### Goal of the exercise
Identify, in the records below, every line where the string "best" appears, and copy each such line.

[Dataset entries]
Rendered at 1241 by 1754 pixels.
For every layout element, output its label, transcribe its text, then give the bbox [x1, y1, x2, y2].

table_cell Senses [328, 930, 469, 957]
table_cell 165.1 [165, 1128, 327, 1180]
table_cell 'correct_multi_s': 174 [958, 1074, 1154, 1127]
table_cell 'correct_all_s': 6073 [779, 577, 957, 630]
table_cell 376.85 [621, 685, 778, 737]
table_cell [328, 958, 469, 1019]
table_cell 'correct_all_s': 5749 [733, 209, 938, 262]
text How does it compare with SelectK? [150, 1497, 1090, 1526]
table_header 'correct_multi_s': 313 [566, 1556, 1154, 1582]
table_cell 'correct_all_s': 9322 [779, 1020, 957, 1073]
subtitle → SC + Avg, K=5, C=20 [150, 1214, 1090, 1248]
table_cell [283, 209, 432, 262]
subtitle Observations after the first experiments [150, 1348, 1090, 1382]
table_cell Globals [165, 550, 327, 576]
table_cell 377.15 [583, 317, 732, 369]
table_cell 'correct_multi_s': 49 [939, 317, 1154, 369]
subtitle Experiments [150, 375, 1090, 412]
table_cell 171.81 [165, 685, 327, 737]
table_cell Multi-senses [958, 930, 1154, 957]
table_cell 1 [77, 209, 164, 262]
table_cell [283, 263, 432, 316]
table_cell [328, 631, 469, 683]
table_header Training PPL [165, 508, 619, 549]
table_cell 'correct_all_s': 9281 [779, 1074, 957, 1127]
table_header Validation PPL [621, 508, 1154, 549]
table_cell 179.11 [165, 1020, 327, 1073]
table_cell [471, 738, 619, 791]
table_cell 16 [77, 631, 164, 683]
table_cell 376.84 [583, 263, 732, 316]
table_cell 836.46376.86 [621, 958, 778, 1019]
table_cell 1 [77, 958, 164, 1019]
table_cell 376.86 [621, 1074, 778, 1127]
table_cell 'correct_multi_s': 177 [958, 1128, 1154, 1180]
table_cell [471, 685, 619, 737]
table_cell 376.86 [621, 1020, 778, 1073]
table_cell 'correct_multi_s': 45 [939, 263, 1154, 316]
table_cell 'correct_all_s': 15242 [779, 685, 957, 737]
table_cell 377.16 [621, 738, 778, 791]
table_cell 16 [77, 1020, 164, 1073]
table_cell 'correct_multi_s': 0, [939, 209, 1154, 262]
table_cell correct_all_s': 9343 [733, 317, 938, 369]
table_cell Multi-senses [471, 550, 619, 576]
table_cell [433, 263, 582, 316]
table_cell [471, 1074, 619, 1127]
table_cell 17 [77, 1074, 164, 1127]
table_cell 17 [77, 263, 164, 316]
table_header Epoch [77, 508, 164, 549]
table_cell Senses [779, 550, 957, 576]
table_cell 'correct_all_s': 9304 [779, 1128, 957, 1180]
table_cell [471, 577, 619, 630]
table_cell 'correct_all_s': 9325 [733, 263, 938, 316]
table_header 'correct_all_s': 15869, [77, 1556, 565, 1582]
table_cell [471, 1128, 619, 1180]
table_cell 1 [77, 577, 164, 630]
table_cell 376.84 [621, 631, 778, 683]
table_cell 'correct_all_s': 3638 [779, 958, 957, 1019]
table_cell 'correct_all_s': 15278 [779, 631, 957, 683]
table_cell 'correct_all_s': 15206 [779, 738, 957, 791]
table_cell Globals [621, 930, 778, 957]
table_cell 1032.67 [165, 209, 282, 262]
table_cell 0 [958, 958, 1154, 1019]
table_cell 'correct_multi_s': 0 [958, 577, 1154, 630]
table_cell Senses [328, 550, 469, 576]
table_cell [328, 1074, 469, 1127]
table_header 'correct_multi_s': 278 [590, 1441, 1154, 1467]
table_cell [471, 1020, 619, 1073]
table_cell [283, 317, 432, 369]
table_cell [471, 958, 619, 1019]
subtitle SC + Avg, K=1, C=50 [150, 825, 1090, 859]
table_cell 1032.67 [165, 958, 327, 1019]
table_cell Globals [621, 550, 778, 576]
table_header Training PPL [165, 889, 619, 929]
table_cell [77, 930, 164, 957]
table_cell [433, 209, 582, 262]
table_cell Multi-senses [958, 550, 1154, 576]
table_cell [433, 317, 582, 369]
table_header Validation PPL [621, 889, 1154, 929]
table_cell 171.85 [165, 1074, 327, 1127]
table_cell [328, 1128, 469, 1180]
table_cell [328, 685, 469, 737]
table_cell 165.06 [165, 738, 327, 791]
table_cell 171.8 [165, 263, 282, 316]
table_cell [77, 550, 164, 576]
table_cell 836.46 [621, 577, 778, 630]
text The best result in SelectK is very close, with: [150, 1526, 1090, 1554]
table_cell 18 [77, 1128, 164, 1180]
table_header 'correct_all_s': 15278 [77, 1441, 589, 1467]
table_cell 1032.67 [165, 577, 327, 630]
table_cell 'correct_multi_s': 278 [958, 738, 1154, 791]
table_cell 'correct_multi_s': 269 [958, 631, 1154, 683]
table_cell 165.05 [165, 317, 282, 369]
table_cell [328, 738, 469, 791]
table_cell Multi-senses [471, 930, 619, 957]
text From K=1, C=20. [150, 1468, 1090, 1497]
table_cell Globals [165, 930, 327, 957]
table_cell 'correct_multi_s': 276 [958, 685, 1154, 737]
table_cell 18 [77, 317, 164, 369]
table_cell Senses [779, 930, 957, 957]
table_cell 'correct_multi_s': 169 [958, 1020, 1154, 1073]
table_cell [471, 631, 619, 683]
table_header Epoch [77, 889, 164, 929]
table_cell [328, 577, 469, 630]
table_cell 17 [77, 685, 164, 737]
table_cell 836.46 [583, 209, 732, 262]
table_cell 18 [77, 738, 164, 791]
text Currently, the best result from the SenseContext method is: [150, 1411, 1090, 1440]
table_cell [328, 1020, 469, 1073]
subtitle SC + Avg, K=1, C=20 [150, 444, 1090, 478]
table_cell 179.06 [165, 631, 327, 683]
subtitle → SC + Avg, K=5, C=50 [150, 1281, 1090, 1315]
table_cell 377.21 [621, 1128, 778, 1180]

### Solution to the exercise
text The best result in SelectK is very close, with: [150, 1526, 1090, 1554]
text Currently, the best result from the SenseContext method is: [150, 1411, 1090, 1440]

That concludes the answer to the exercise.